____ Entries supplied

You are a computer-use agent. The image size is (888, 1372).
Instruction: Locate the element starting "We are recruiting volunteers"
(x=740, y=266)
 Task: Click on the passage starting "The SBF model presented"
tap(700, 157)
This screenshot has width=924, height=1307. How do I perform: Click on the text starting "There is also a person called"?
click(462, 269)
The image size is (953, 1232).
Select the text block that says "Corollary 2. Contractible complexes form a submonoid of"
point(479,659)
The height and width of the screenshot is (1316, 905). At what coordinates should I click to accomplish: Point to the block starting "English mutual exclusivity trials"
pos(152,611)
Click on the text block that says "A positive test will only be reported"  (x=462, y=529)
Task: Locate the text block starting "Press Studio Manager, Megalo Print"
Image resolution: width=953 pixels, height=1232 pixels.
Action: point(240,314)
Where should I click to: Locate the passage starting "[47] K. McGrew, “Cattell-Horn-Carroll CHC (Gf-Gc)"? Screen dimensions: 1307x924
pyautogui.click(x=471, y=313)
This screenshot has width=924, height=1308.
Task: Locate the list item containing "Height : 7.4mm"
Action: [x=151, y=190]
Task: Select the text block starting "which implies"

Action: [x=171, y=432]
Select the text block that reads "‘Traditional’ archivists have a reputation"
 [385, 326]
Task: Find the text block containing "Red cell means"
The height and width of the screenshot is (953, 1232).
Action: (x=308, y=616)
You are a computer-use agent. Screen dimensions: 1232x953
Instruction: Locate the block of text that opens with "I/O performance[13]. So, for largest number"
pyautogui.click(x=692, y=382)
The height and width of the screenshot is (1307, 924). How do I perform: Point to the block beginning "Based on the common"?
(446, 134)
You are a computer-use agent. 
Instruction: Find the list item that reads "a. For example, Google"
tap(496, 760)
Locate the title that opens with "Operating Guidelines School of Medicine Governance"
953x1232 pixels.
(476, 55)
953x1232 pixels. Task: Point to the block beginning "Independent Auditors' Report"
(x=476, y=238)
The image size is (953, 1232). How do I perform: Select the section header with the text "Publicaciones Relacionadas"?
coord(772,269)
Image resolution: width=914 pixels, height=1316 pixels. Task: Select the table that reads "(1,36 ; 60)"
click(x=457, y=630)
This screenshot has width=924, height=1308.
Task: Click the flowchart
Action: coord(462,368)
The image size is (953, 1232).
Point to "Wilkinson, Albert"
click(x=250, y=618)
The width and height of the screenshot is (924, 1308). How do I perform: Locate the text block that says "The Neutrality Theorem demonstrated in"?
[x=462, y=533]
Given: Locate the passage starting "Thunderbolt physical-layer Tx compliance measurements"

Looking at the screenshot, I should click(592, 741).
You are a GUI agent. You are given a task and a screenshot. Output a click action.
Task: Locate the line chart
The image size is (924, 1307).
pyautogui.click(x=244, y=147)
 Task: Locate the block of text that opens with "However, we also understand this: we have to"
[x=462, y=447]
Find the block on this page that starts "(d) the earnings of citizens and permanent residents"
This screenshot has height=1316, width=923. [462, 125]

________

◆ **Work instruction**
The data is to be reproduced in full, every line intact.

◆ **Your solution**
You are a computer-use agent. The image size is (888, 1372).
Instruction: Locate the element starting "We are recruiting volunteers"
(x=740, y=266)
 Task: Click on the passage starting "The SBF model presented"
tap(700, 157)
This screenshot has width=924, height=1307. How do I perform: Click on the text starting "There is also a person called"?
click(462, 269)
The image size is (953, 1232).
Select the text block that says "Corollary 2. Contractible complexes form a submonoid of"
point(479,659)
The height and width of the screenshot is (1316, 905). At what coordinates should I click to accomplish: Point to the block starting "English mutual exclusivity trials"
pos(152,611)
Click on the text block that says "A positive test will only be reported"  (x=462, y=529)
Task: Locate the text block starting "Press Studio Manager, Megalo Print"
Image resolution: width=953 pixels, height=1232 pixels.
Action: point(240,314)
Where should I click to: Locate the passage starting "[47] K. McGrew, “Cattell-Horn-Carroll CHC (Gf-Gc)"? Screen dimensions: 1307x924
pyautogui.click(x=471, y=313)
This screenshot has width=924, height=1308.
Task: Locate the list item containing "Height : 7.4mm"
Action: [x=151, y=190]
Task: Select the text block starting "which implies"

Action: [x=171, y=432]
Select the text block that reads "‘Traditional’ archivists have a reputation"
 [385, 326]
Task: Find the text block containing "Red cell means"
The height and width of the screenshot is (953, 1232).
Action: (x=308, y=616)
You are a computer-use agent. Screen dimensions: 1232x953
Instruction: Locate the block of text that opens with "I/O performance[13]. So, for largest number"
pyautogui.click(x=692, y=382)
The height and width of the screenshot is (1307, 924). How do I perform: Point to the block beginning "Based on the common"?
(446, 134)
You are a computer-use agent. 
Instruction: Find the list item that reads "a. For example, Google"
tap(496, 760)
Locate the title that opens with "Operating Guidelines School of Medicine Governance"
953x1232 pixels.
(476, 55)
953x1232 pixels. Task: Point to the block beginning "Independent Auditors' Report"
(x=476, y=238)
The image size is (953, 1232). How do I perform: Select the section header with the text "Publicaciones Relacionadas"?
coord(772,269)
Image resolution: width=914 pixels, height=1316 pixels. Task: Select the table that reads "(1,36 ; 60)"
click(x=457, y=630)
This screenshot has width=924, height=1308.
Task: Click the flowchart
Action: coord(462,368)
The image size is (953, 1232).
Point to "Wilkinson, Albert"
click(x=250, y=618)
The width and height of the screenshot is (924, 1308). How do I perform: Locate the text block that says "The Neutrality Theorem demonstrated in"?
[x=462, y=533]
Given: Locate the passage starting "Thunderbolt physical-layer Tx compliance measurements"

Looking at the screenshot, I should click(592, 741).
You are a GUI agent. You are given a task and a screenshot. Output a click action.
Task: Locate the line chart
The image size is (924, 1307).
pyautogui.click(x=244, y=147)
 Task: Locate the block of text that opens with "However, we also understand this: we have to"
[x=462, y=447]
Find the block on this page that starts "(d) the earnings of citizens and permanent residents"
This screenshot has height=1316, width=923. [462, 125]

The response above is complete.